[Records from a data collection]
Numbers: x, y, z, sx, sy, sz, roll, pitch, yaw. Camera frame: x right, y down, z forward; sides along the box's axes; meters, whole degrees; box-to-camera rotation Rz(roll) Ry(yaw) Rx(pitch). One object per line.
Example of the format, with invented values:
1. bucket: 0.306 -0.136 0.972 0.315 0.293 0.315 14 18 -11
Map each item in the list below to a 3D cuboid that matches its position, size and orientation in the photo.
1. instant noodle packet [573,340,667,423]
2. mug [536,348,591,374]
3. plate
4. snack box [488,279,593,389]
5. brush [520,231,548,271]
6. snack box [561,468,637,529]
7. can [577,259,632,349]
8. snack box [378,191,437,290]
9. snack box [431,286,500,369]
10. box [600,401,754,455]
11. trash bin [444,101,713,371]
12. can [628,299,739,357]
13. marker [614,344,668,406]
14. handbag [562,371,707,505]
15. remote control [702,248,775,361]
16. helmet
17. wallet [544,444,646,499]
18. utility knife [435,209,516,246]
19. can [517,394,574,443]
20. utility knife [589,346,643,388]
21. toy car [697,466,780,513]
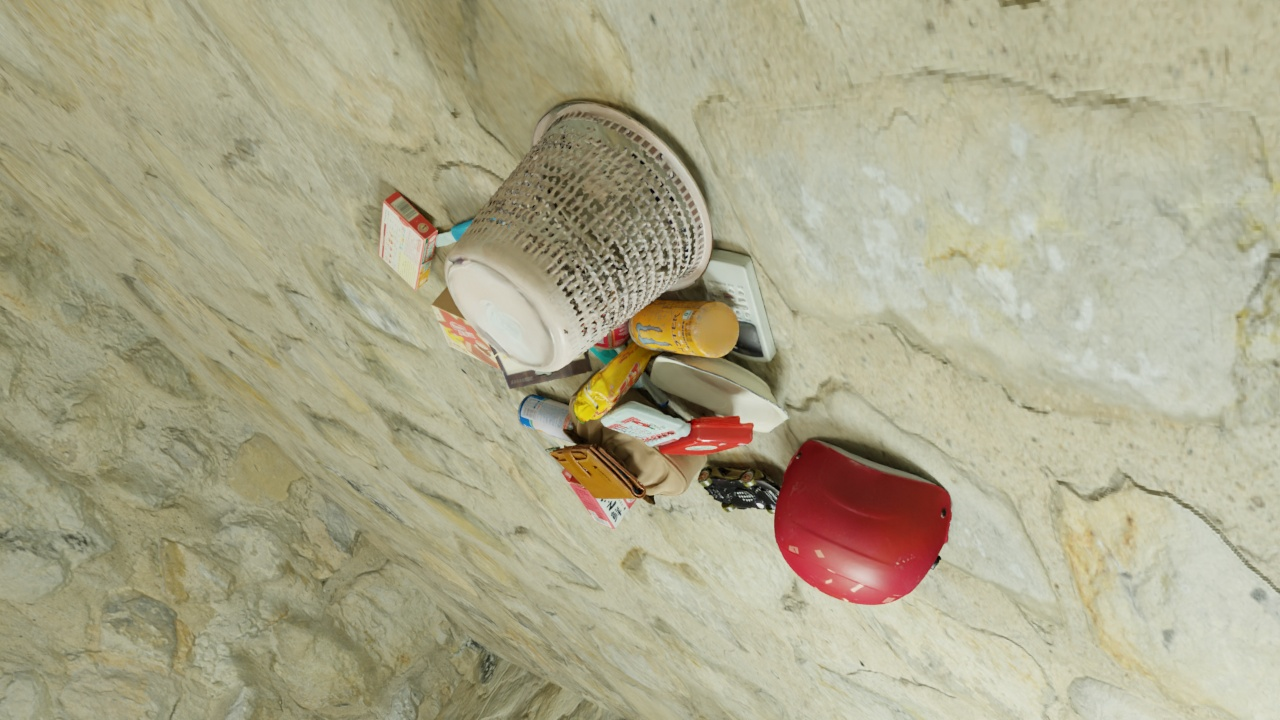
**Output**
1. instant noodle packet: -0.023 0.016 1.102 0.044 0.128 0.111 45 152 3
2. mug: -0.126 -0.046 1.190 0.124 0.083 0.103 -10 133 19
3. plate: 0.093 0.029 1.062 0.163 0.034 0.164 25 167 2
4. snack box: -0.127 -0.034 1.111 0.113 0.053 0.126 -12 137 6
5. brush: -0.170 -0.115 1.119 0.146 0.063 0.073 -17 133 44
6. snack box: -0.046 0.171 1.383 0.044 0.113 0.127 16 147 40
7. can: -0.040 -0.063 1.066 0.066 0.066 0.094 25 151 19
8. snack box: -0.322 -0.160 1.260 0.077 0.027 0.156 44 153 2
9. snack box: -0.218 -0.057 1.260 0.093 0.076 0.094 24 150 22
10. box: 0.039 0.085 1.114 0.160 0.050 0.201 11 169 -9
11. trash bin: -0.074 -0.103 0.890 0.227 0.191 0.228 30 149 20
12. can: 0.044 -0.036 0.995 0.058 0.058 0.146 48 162 -23
13. marker: -0.007 0.007 1.191 0.017 0.016 0.146 -2 134 49
14. handbag: -0.017 0.115 1.279 0.204 0.099 0.148 39 149 4
15. remote control: 0.103 -0.055 0.969 0.058 0.021 0.150 16 145 34
16. helmet: 0.251 0.220 1.106 0.207 0.143 0.240 21 150 22
17. wallet: -0.064 0.147 1.258 0.119 0.035 0.131 42 156 -17
18. utility knife: -0.215 -0.162 1.160 0.209 0.018 0.034 -3 135 52
19. can: -0.123 0.092 1.412 0.135 0.053 0.053 15 146 34
20. utility knife: -0.048 -0.015 1.186 0.029 0.013 0.178 -31 128 16
21. toy car: 0.141 0.175 1.258 0.158 0.042 0.070 -5 133 52
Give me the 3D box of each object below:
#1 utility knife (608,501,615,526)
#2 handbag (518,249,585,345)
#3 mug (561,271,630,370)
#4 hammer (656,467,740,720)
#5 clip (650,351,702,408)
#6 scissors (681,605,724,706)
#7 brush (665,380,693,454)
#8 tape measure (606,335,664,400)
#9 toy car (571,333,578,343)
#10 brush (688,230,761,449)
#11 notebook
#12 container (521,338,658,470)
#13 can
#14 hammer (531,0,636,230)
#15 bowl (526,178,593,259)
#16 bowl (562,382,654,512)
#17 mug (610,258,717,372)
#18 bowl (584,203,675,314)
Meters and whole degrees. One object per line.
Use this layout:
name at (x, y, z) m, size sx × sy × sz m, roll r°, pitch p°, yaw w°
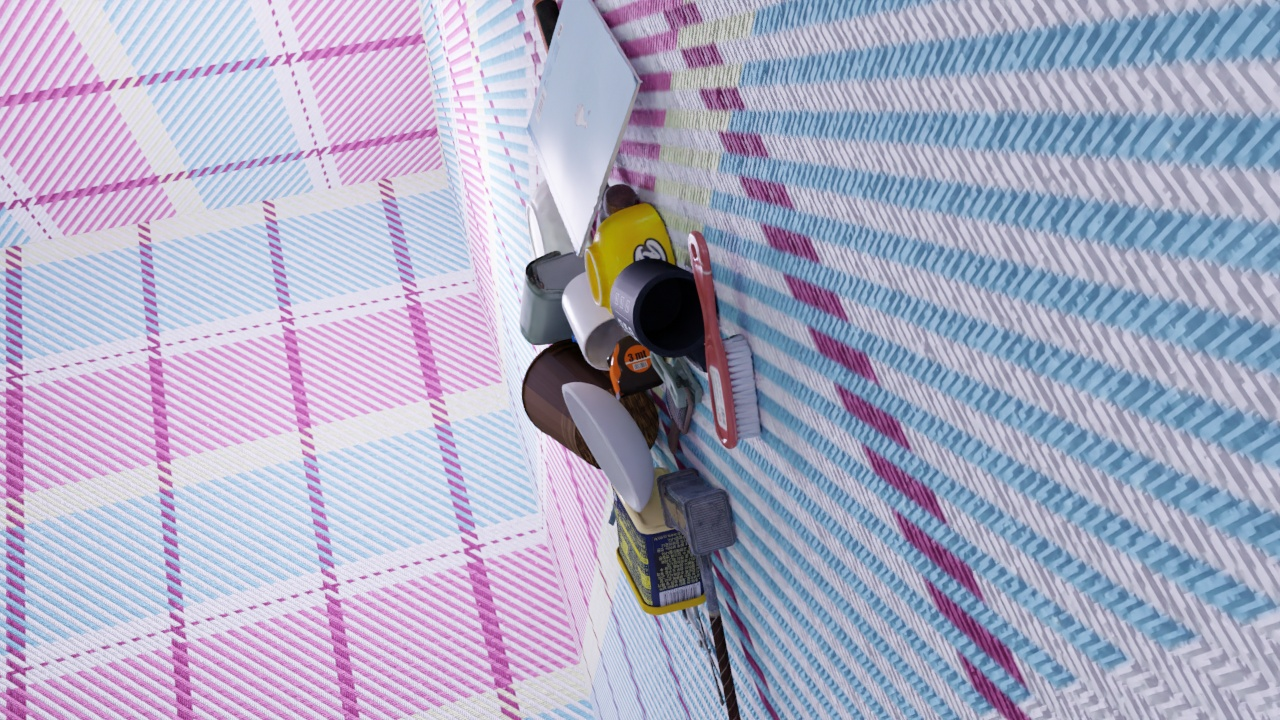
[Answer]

What you should do
Above are the records; print exactly the lines from the line with "#6 scissors (681,605,724,706)" to the line with "#15 bowl (526,178,593,259)", including both, and nothing else.

Worked solution
#6 scissors (681,605,724,706)
#7 brush (665,380,693,454)
#8 tape measure (606,335,664,400)
#9 toy car (571,333,578,343)
#10 brush (688,230,761,449)
#11 notebook
#12 container (521,338,658,470)
#13 can
#14 hammer (531,0,636,230)
#15 bowl (526,178,593,259)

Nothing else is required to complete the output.